A simple-looking rational limit

Question

Please help me compute: $$ \lim_{z\to 0}\frac{\sqrt{2(z-\log(1+z))}}{z} $$ I know the answer is 1 because I plugged it into Mathematica. Attempts with L'Hopital's Rule didn't work. This a step in an exercise for my self-study project.

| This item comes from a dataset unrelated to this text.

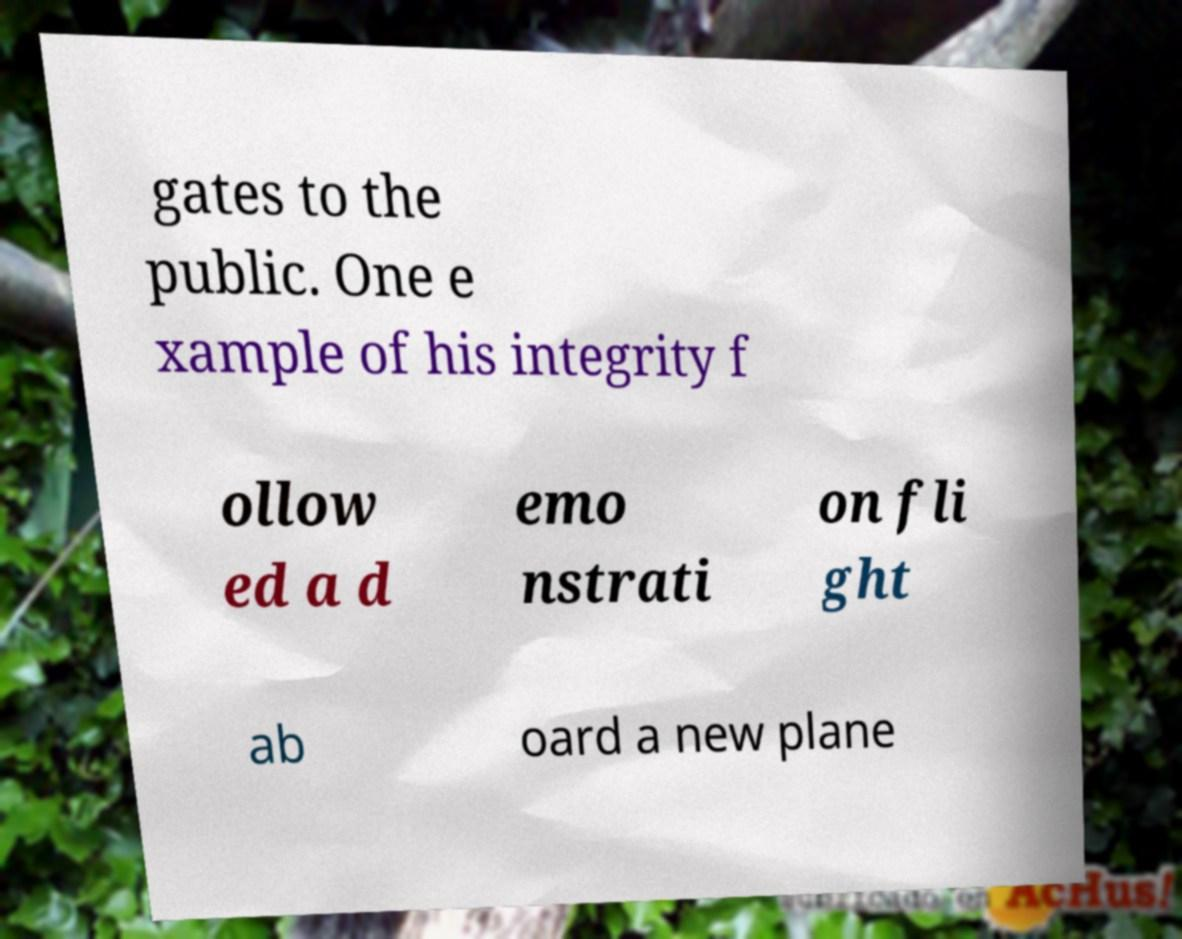For documentation purposes, I need the text within this image transcribed. Could you provide that? gates to the public. One e xample of his integrity f ollow ed a d emo nstrati on fli ght ab oard a new plane 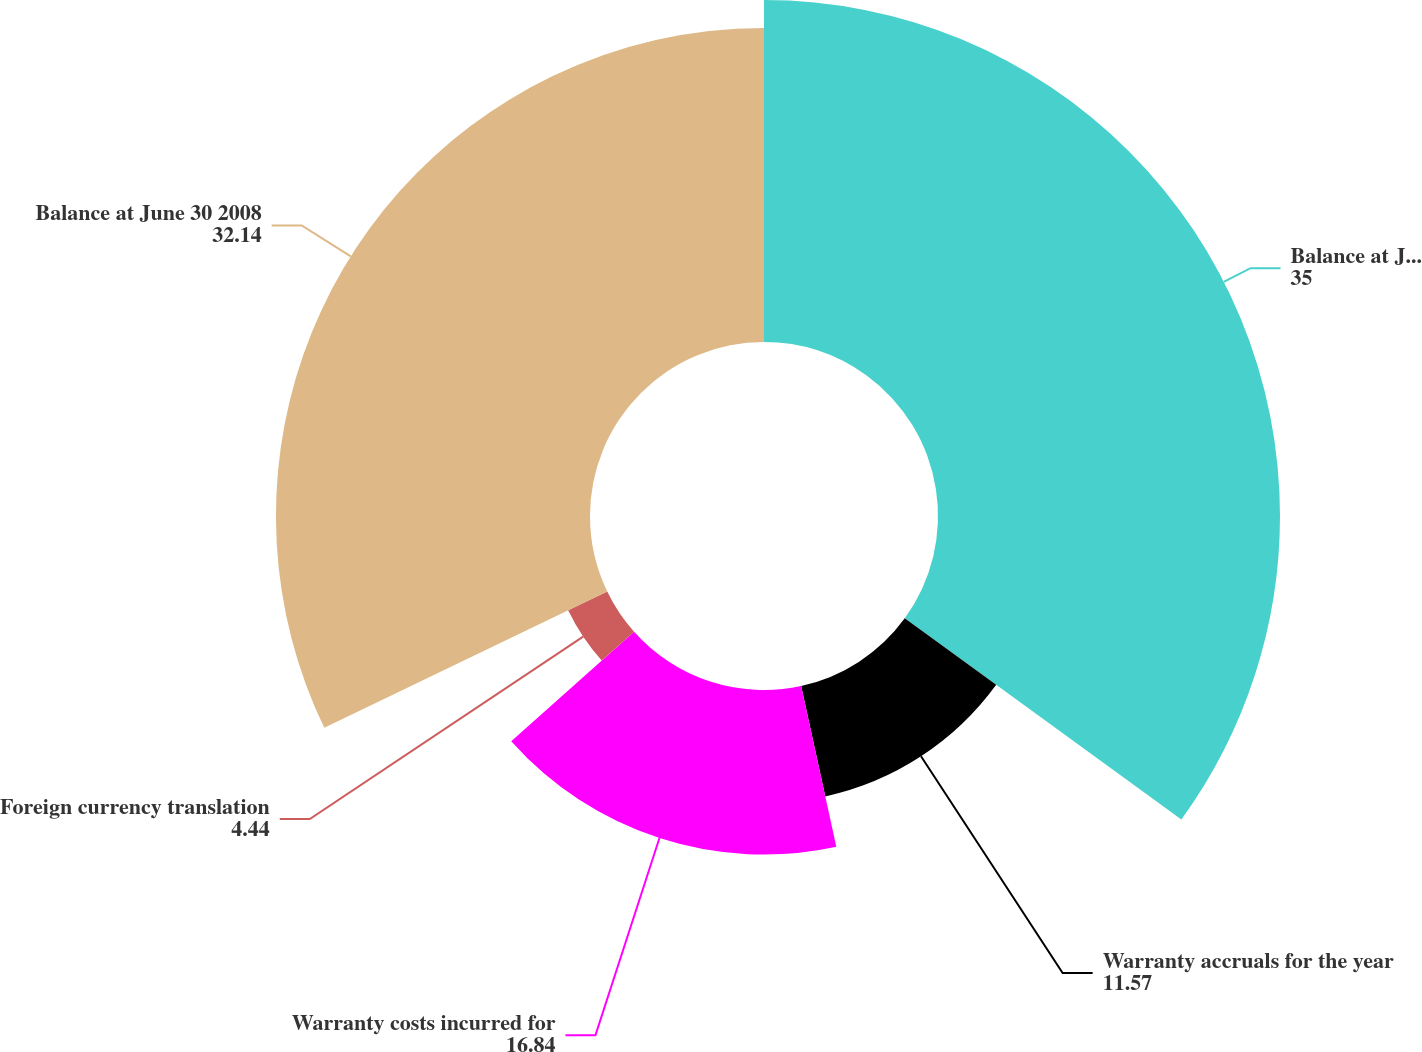Convert chart. <chart><loc_0><loc_0><loc_500><loc_500><pie_chart><fcel>Balance at July 1 2007<fcel>Warranty accruals for the year<fcel>Warranty costs incurred for<fcel>Foreign currency translation<fcel>Balance at June 30 2008<nl><fcel>35.0%<fcel>11.57%<fcel>16.84%<fcel>4.44%<fcel>32.14%<nl></chart>

Thanks!

Answer 1

Using Taylor series $$\log (1+z)\sim_0 z-\frac{z^2}{2}$$ we get

$$\frac{\sqrt{2(z-\log(1+z))}}{z}\sim_0\frac{|z|}{z}\sim\left\{\begin{array}[cc]\\1\;&\text{at}\; 0^+\\-1\;&\text{at}\; 0^-\end{array}\right.$$ so the limit doesn't exist.

Answer 2

$$\log(1+z)=z-\frac{z^2}2+\frac{z^3}3-\cdots$$

So, $$z-\log(1+z)=\frac{z^2}2-\frac{z^3}3+\cdots$$

Answer 3

Apply L'Hopital's rule to the square of the function: $$\lim_{z\to 0}\frac{2(z-\log(1+z))}{z^2}=\lim_{z\to 0}\frac{2(1-\frac{1}{1+z})}{2z}=\cdots=1\ .$$ See if you can fill in the working and then finish your problem for $z\to0^+$.

In fact, if you look carefully at the limit as $z\to0^-$ you will find it is different. So the (proper, "two-sided") limit does not exist.